→ **TASK BRIEF**
For this exercise, transcribe all the entries exactly as given and omit the images.

***** ENTRIES SHOWN

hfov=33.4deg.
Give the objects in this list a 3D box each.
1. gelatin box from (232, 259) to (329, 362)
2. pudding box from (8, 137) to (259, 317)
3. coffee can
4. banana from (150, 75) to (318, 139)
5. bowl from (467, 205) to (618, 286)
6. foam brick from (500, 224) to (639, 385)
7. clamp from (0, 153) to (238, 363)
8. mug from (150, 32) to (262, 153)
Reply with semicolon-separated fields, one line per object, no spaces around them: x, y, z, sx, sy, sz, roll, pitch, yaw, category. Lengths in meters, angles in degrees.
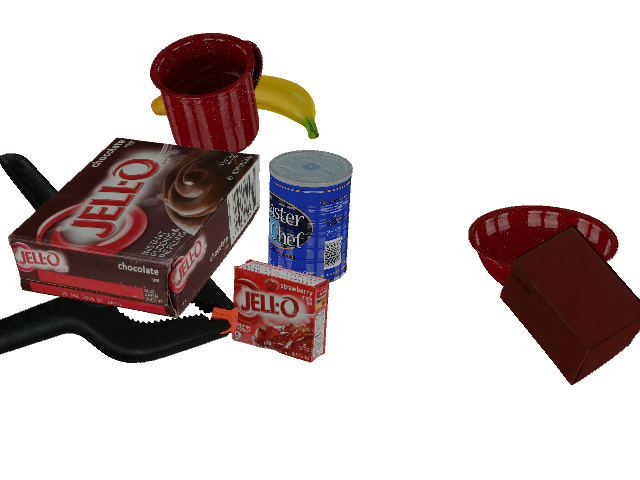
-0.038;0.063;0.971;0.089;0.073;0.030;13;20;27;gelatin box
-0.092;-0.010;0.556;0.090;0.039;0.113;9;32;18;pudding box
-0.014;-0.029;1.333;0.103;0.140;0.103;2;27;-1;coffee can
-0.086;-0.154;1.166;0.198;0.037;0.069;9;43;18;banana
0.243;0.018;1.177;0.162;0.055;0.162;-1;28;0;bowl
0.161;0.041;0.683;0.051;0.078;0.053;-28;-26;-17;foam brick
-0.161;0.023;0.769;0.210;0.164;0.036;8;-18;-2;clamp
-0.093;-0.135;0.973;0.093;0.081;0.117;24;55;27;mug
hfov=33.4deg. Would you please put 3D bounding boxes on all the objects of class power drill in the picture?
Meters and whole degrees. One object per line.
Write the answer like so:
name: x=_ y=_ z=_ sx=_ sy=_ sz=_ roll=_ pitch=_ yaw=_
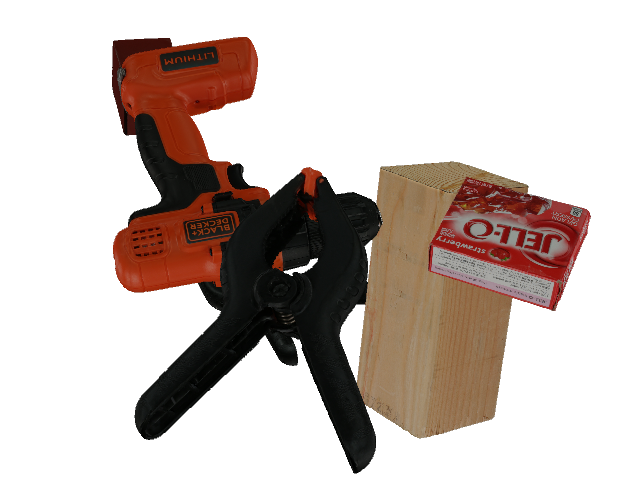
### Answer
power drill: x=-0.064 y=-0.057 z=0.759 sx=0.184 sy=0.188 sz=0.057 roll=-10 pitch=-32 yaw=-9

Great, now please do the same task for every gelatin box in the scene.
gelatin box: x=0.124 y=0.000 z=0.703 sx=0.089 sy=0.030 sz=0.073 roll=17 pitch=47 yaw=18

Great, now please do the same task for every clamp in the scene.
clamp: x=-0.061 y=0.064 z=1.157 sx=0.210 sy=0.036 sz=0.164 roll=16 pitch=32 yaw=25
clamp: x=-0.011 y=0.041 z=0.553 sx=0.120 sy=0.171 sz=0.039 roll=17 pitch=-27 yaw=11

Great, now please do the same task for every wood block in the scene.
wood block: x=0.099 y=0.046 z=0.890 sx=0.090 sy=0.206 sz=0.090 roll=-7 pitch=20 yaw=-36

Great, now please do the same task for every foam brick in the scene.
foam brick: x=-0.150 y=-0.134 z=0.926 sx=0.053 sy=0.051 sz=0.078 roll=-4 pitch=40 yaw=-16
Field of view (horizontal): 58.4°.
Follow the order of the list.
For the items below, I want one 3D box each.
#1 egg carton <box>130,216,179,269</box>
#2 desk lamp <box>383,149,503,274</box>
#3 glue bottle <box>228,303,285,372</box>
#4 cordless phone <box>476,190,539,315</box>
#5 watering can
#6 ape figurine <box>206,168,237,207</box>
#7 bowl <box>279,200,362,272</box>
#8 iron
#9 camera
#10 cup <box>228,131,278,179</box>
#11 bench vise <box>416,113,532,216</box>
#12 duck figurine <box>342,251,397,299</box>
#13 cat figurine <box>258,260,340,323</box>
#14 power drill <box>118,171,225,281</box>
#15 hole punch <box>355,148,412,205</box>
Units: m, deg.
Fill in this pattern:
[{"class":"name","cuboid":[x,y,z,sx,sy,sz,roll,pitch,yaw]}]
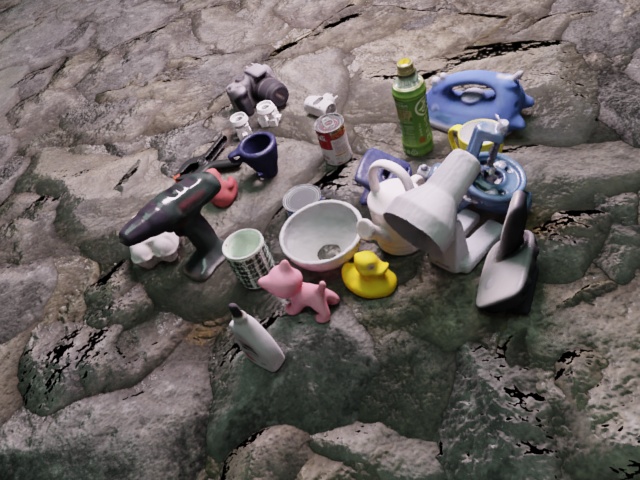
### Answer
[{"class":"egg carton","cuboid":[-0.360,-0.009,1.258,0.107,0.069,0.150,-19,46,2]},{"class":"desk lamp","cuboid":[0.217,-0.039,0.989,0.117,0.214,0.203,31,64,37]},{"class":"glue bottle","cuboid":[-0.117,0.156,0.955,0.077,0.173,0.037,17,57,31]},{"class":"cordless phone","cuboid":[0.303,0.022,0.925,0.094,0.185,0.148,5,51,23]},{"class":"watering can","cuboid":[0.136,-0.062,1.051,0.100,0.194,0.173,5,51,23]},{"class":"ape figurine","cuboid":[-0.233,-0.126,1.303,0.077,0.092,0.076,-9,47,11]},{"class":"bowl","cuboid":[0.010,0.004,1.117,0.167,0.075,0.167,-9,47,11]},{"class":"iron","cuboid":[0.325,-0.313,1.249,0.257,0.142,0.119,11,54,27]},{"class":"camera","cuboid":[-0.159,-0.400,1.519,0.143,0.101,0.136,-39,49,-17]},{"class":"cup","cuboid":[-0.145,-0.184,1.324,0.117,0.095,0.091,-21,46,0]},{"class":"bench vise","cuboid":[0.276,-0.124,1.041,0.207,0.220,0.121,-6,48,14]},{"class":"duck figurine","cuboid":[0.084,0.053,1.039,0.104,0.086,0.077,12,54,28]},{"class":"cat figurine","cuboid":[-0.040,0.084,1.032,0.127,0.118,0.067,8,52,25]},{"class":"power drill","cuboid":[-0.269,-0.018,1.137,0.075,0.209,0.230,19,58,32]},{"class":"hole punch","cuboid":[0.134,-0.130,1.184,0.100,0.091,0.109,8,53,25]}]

**********

→ **RESULT FOR THIS TASK**
hfov=33.4deg.
Give the objects in this list a 3D box each.
1. gelatin box from (232, 259) to (329, 362)
2. pudding box from (8, 137) to (259, 317)
3. coffee can
4. banana from (150, 75) to (318, 139)
5. bowl from (467, 205) to (618, 286)
6. foam brick from (500, 224) to (639, 385)
7. clamp from (0, 153) to (238, 363)
8. mug from (150, 32) to (262, 153)
Reply with semicolon-separated fields, one line per object, no spaces around them: x, y, z, sx, sy, sz, roll, pitch, yaw, category. Lengths in meters, angles in degrees.
-0.038;0.063;0.971;0.089;0.073;0.030;13;20;27;gelatin box
-0.092;-0.010;0.556;0.090;0.039;0.113;9;32;18;pudding box
-0.014;-0.029;1.333;0.103;0.140;0.103;2;27;-1;coffee can
-0.086;-0.154;1.166;0.198;0.037;0.069;9;43;18;banana
0.243;0.018;1.177;0.162;0.055;0.162;-1;28;0;bowl
0.161;0.041;0.683;0.051;0.078;0.053;-28;-26;-17;foam brick
-0.161;0.023;0.769;0.210;0.164;0.036;8;-18;-2;clamp
-0.093;-0.135;0.973;0.093;0.081;0.117;24;55;27;mug
hfov=33.4deg. Would you please put 3D bounding boxes on all the objects of class power drill in the picture?
Meters and whole degrees. One object per line.
Write the answer like so:
name: x=_ y=_ z=_ sx=_ sy=_ sz=_ roll=_ pitch=_ yaw=_
### Answer
power drill: x=-0.064 y=-0.057 z=0.759 sx=0.184 sy=0.188 sz=0.057 roll=-10 pitch=-32 yaw=-9

Great, now please do the same task for every gelatin box in the scene.
gelatin box: x=0.124 y=0.000 z=0.703 sx=0.089 sy=0.030 sz=0.073 roll=17 pitch=47 yaw=18

Great, now please do the same task for every clamp in the scene.
clamp: x=-0.061 y=0.064 z=1.157 sx=0.210 sy=0.036 sz=0.164 roll=16 pitch=32 yaw=25
clamp: x=-0.011 y=0.041 z=0.553 sx=0.120 sy=0.171 sz=0.039 roll=17 pitch=-27 yaw=11

Great, now please do the same task for every wood block in the scene.
wood block: x=0.099 y=0.046 z=0.890 sx=0.090 sy=0.206 sz=0.090 roll=-7 pitch=20 yaw=-36

Great, now please do the same task for every foam brick in the scene.
foam brick: x=-0.150 y=-0.134 z=0.926 sx=0.053 sy=0.051 sz=0.078 roll=-4 pitch=40 yaw=-16
Field of view (horizontal): 58.4°.
Follow the order of the list.
For the items below, I want one 3D box each.
#1 egg carton <box>130,216,179,269</box>
#2 desk lamp <box>383,149,503,274</box>
#3 glue bottle <box>228,303,285,372</box>
#4 cordless phone <box>476,190,539,315</box>
#5 watering can
#6 ape figurine <box>206,168,237,207</box>
#7 bowl <box>279,200,362,272</box>
#8 iron
#9 camera
#10 cup <box>228,131,278,179</box>
#11 bench vise <box>416,113,532,216</box>
#12 duck figurine <box>342,251,397,299</box>
#13 cat figurine <box>258,260,340,323</box>
#14 power drill <box>118,171,225,281</box>
#15 hole punch <box>355,148,412,205</box>
Units: m, deg.
Fill in this pattern:
[{"class":"name","cuboid":[x,y,z,sx,sy,sz,roll,pitch,yaw]}]
### Answer
[{"class":"egg carton","cuboid":[-0.360,-0.009,1.258,0.107,0.069,0.150,-19,46,2]},{"class":"desk lamp","cuboid":[0.217,-0.039,0.989,0.117,0.214,0.203,31,64,37]},{"class":"glue bottle","cuboid":[-0.117,0.156,0.955,0.077,0.173,0.037,17,57,31]},{"class":"cordless phone","cuboid":[0.303,0.022,0.925,0.094,0.185,0.148,5,51,23]},{"class":"watering can","cuboid":[0.136,-0.062,1.051,0.100,0.194,0.173,5,51,23]},{"class":"ape figurine","cuboid":[-0.233,-0.126,1.303,0.077,0.092,0.076,-9,47,11]},{"class":"bowl","cuboid":[0.010,0.004,1.117,0.167,0.075,0.167,-9,47,11]},{"class":"iron","cuboid":[0.325,-0.313,1.249,0.257,0.142,0.119,11,54,27]},{"class":"camera","cuboid":[-0.159,-0.400,1.519,0.143,0.101,0.136,-39,49,-17]},{"class":"cup","cuboid":[-0.145,-0.184,1.324,0.117,0.095,0.091,-21,46,0]},{"class":"bench vise","cuboid":[0.276,-0.124,1.041,0.207,0.220,0.121,-6,48,14]},{"class":"duck figurine","cuboid":[0.084,0.053,1.039,0.104,0.086,0.077,12,54,28]},{"class":"cat figurine","cuboid":[-0.040,0.084,1.032,0.127,0.118,0.067,8,52,25]},{"class":"power drill","cuboid":[-0.269,-0.018,1.137,0.075,0.209,0.230,19,58,32]},{"class":"hole punch","cuboid":[0.134,-0.130,1.184,0.100,0.091,0.109,8,53,25]}]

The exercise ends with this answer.